With support from the Chemical Measurement and Imaging Program in the Division of Chemistry, and co-funding from the Molecular Biophysics and Cellular Dynamics Clusters in the Division of Molecular and Cellular Biosciences, Dr. Kevin Welsher and his group at Duke University are seeking new ways to enhance understanding of chemical and biological processes by measuring the function of single molecules with high precision. Specifically, they are developing "target-locked" microscopy tools to follow the rapid motions of single proteins and other cellular matter within cells in real time. The information developed in this project will help us Understand the Rules of Life by helping us see what goes on inside biological cells both at high speed and with high resolution. The Welsher group is also developing a set of experiments for the "home spectroscopists" aimed at using smartphones to illustrate the principles of spectroscopy and optics. These experiments illustrate the color components of various samples using simple red-green-blue values. Online videos "Teachable Tidbits" are being developed with an aim of demystifying chemistry concepts that are frequently obscured by mathematics. Finally, the research is guiding graduate students into the field of microscopy, with an emphasis on learning microscopy through relatively simple numerical simulations that the students build from scratch.

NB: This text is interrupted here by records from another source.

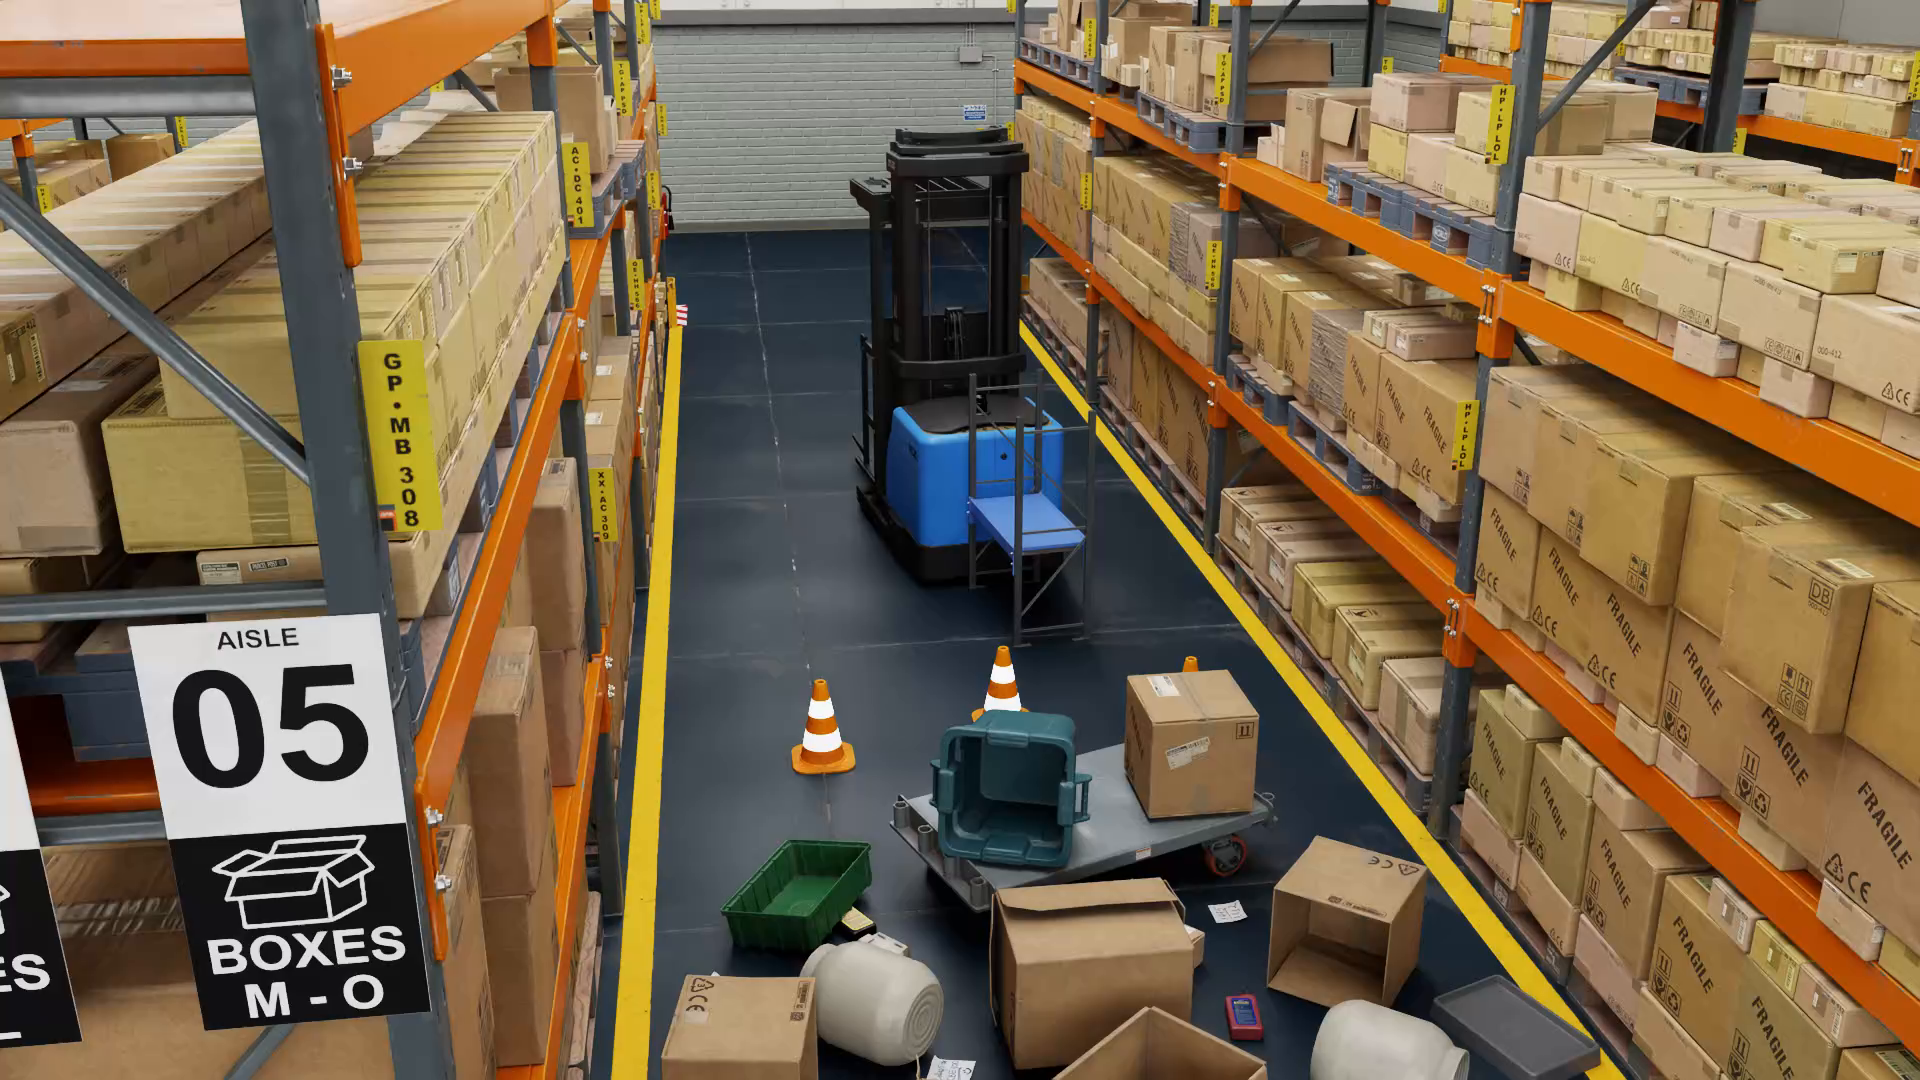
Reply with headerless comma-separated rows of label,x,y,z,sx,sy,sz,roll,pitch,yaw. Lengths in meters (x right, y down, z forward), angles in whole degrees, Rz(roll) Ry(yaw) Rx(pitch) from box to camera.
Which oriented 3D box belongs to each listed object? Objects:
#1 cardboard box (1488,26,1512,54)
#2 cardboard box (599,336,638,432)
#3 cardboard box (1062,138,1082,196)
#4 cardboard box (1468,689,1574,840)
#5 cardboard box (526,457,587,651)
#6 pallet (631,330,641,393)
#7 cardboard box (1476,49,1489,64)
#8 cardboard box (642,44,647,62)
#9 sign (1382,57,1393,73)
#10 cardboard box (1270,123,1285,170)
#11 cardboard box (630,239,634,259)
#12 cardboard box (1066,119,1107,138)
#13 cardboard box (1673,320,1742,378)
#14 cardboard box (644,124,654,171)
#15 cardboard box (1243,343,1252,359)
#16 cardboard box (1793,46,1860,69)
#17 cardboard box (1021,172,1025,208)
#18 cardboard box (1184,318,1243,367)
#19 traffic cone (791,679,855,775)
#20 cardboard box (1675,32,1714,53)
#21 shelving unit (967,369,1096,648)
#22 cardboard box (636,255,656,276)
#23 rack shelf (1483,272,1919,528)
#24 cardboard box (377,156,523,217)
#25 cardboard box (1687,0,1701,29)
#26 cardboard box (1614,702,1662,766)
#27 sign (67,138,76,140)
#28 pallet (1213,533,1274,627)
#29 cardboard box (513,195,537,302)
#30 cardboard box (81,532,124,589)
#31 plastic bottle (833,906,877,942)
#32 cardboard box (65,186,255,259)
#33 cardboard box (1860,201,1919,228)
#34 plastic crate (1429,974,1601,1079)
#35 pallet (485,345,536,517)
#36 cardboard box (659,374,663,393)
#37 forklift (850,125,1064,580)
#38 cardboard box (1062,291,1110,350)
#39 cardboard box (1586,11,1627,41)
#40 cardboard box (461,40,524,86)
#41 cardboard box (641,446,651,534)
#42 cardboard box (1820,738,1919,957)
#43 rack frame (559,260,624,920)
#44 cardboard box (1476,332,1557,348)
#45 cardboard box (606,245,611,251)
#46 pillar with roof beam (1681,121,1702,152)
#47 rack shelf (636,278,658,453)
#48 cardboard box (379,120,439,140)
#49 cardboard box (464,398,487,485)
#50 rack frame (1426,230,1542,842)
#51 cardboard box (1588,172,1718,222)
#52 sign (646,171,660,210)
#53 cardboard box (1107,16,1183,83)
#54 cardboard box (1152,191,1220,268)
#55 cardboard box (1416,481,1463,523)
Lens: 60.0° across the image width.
cardboard box,5.970,-5.321,17.676,0.500,0.250,0.500,-4,21,-9
cardboard box,-2.290,-0.965,10.369,0.500,0.500,0.500,-3,21,-8
cardboard box,1.280,-3.571,15.917,0.500,0.500,0.500,-3,21,-9
cardboard box,2.658,0.998,7.515,0.500,0.500,0.500,-2,21,-5
cardboard box,-1.830,0.063,6.004,0.875,0.550,0.550,-3,21,-8
pallet,-2.828,-1.212,11.448,1.213,0.211,1.003,-3,21,-8
cardboard box,5.855,-5.261,18.088,0.380,0.149,0.250,-2,21,-7
cardboard box,-3.155,-4.541,15.299,0.500,0.250,0.500,-3,21,-7
sign,2.801,-3.019,10.986,0.100,0.325,0.005,-3,21,-8
cardboard box,2.177,-2.481,10.477,0.396,0.266,0.258,-3,21,-8
cardboard box,-2.872,-2.359,13.578,0.380,0.149,0.250,-2,21,-5
cardboard box,1.245,-3.995,16.126,0.380,0.149,0.250,-3,21,-8
cardboard box,2.741,-0.676,5.812,0.380,0.149,0.250,-3,21,-9
cardboard box,-3.153,-3.623,15.632,0.500,0.500,0.500,-3,21,-7
cardboard box,2.126,-1.302,11.174,0.380,0.149,0.250,-4,21,-11
cardboard box,6.684,-3.724,12.831,0.380,0.149,0.250,-3,21,-9
cardboard box,0.895,-3.981,18.445,0.500,0.500,0.500,-3,21,-8
cardboard box,1.934,-1.437,11.990,0.500,0.250,0.500,-4,21,-10
traffic cone,-0.743,0.973,8.951,0.336,0.463,0.334,-3,21,-8
cardboard box,6.374,-4.260,14.238,0.380,0.149,0.250,-3,21,-9
shelving unit,0.440,-0.226,10.677,0.538,1.500,1.048,-6,21,-15
cardboard box,-2.914,-2.442,14.827,0.380,0.149,0.250,-2,21,-6
rack shelf,3.128,-0.336,5.569,1.077,0.370,4.000,-3,21,-8
cardboard box,-1.494,-1.032,4.882,0.380,0.149,0.250,-3,21,-8
cardboard box,6.710,-4.743,14.941,0.396,0.266,0.258,-3,21,-9
cardboard box,2.743,0.726,6.343,0.380,0.149,0.250,-3,21,-7
sign,-9.246,-4.032,17.373,0.100,0.325,0.005,-3,21,-8
pallet,2.375,0.232,11.293,1.003,0.211,1.213,-3,21,-8
cardboard box,-1.576,-0.887,5.064,0.500,0.250,0.500,-3,21,-8
cardboard box,-1.886,-0.007,3.276,0.380,0.149,0.250,-3,21,-7
plastic bottle,-0.510,1.721,7.522,0.133,0.061,0.283,-15,25,-35
cardboard box,-2.071,-0.823,4.321,0.380,0.149,0.250,-3,21,-7
cardboard box,3.355,-1.077,5.744,0.380,0.149,0.250,-3,21,-7
plastic crate,2.255,1.993,6.767,0.402,0.080,0.583,-11,23,-26
pallet,-1.763,-0.334,4.662,1.003,0.211,1.213,-3,21,-8
cardboard box,-2.931,-1.449,15.282,0.380,0.149,0.250,-4,21,-10
forklift,-0.170,-1.585,12.271,1.130,2.935,3.031,-6,21,-15
cardboard box,1.573,-2.259,17.039,0.875,0.438,0.875,-4,21,-9
cardboard box,6.287,-4.853,15.709,0.500,0.250,0.500,-3,21,-8
cardboard box,-2.936,-2.998,10.432,0.396,0.266,0.258,-3,21,-8
cardboard box,-2.470,-0.344,11.822,0.500,0.500,0.500,-4,21,-10
cardboard box,2.998,0.891,4.975,0.500,0.500,0.500,-3,21,-8
rack frame,-2.044,0.325,7.060,1.000,3.000,0.127,-3,21,-8
cardboard box,2.926,-0.865,9.077,0.500,0.500,0.500,-3,21,-8
cardboard box,-2.718,-2.129,12.539,0.380,0.149,0.250,-3,21,-9
pillar with roof beam,3.130,-5.861,15.048,9.100,9.000,0.400,-3,21,-8
rack shelf,-2.909,-1.416,12.748,1.077,0.370,4.000,-3,21,-8
cardboard box,-2.514,-1.878,8.055,0.500,0.311,0.500,-4,21,-10
cardboard box,-1.309,-0.219,3.844,0.380,0.149,0.250,-3,21,-7
rack frame,2.840,0.040,7.822,1.000,3.000,0.127,-3,21,-8
cardboard box,2.658,-1.315,6.382,0.380,0.149,0.250,-4,21,-10
sign,-2.648,-3.017,14.352,0.100,0.325,0.005,-3,21,-8
cardboard box,1.527,-4.059,13.766,0.500,0.500,0.500,-3,21,-9
cardboard box,1.783,-2.376,12.717,0.500,0.500,0.500,-3,21,-8
cardboard box,2.493,-0.203,8.232,0.380,0.149,0.250,-3,21,-7
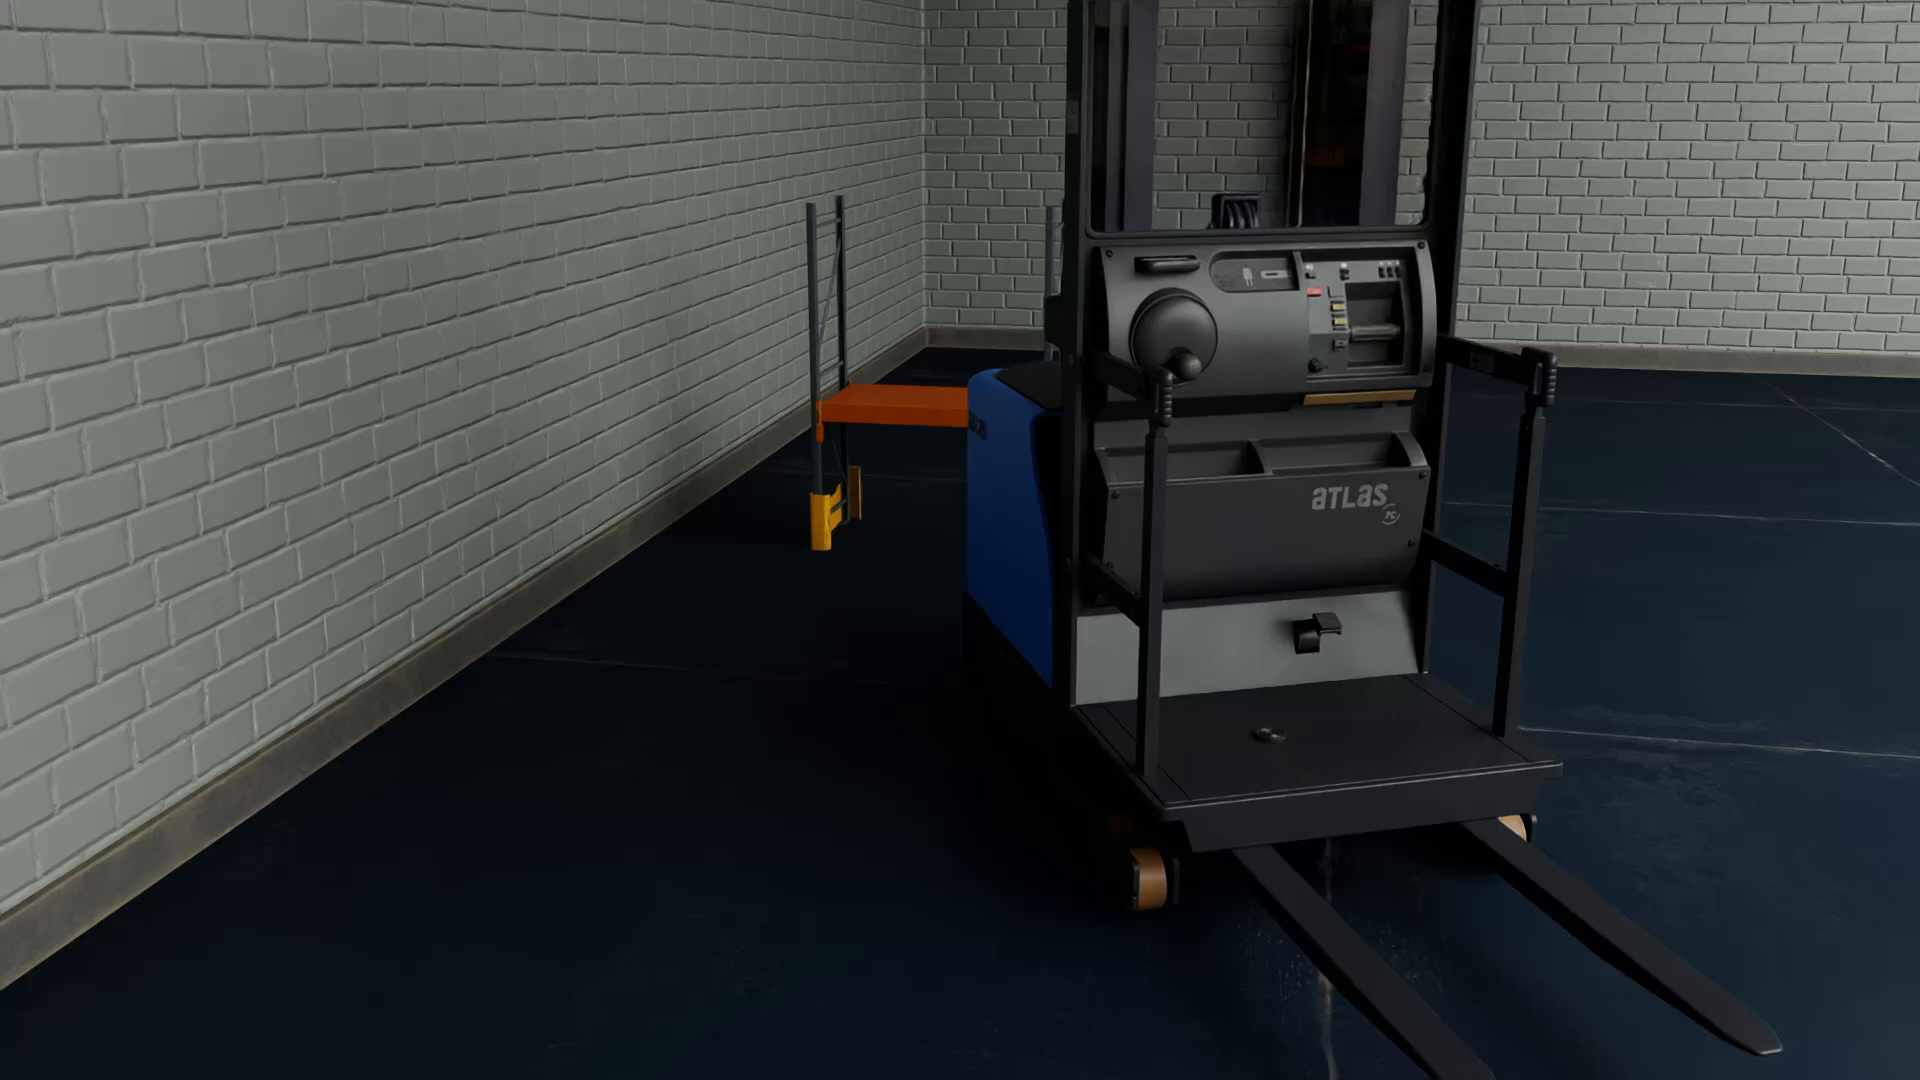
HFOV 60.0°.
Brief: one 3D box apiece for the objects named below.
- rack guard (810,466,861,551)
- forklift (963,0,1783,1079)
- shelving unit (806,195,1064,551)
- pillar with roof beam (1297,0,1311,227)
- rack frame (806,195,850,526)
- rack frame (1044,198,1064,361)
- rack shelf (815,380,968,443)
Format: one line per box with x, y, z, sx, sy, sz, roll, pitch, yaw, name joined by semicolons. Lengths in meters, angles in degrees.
-0.563;-0.151;7.569;0.087;0.250;0.587;3;16;11;rack guard
0.870;-0.598;4.161;1.130;2.935;3.031;-4;16;-14;forklift
-0.075;-0.727;7.306;1.083;1.500;0.587;3;16;11;shelving unit
1.768;-4.519;6.949;0.400;9.000;9.100;3;16;11;pillar with roof beam
-0.582;-0.754;7.406;0.032;1.500;0.500;3;16;11;rack frame
0.415;-0.700;7.211;0.032;1.500;0.500;3;16;11;rack frame
-0.084;-0.554;7.356;1.000;0.185;0.538;3;16;11;rack shelf

Internal molecular motions of single proteins have traditionally been investigated by single molecule Forster Resonant Energy Transfer (smFRET), which requires that the protein be tethered to a surface so that it remains in the focal volume of a microscope. The Welsher group is developing target-locked smFRET to probe untethered single cytosolic proteins in real-time, thereby enabling studies of the effect of cellular crowding and non-equilibrium environments on fast protein domain motions which have eluded traditional smFRET. The work should provide a more complete picture of the molecular underpinnings of cellular cargo transport by providing simultaneous measurement of "tug-of-war" motions of individual motor proteins and the local nanometer-scale cytoskeletal structure using target-locked super-resolution (TL-SR) microscopy. The high-speed, high-precision tracking and local sub-diffraction imaging of TL-SR may enable distinction between existing models of cargo trafficking. The broader impacts of this CAREER proposal focus on making microscopy and spectroscopy accessible to students at all levels.
This award reflects NSF's statutory mission and has been deemed worthy of support through evaluation using the Foundation's intellectual merit and broader impacts review criteria.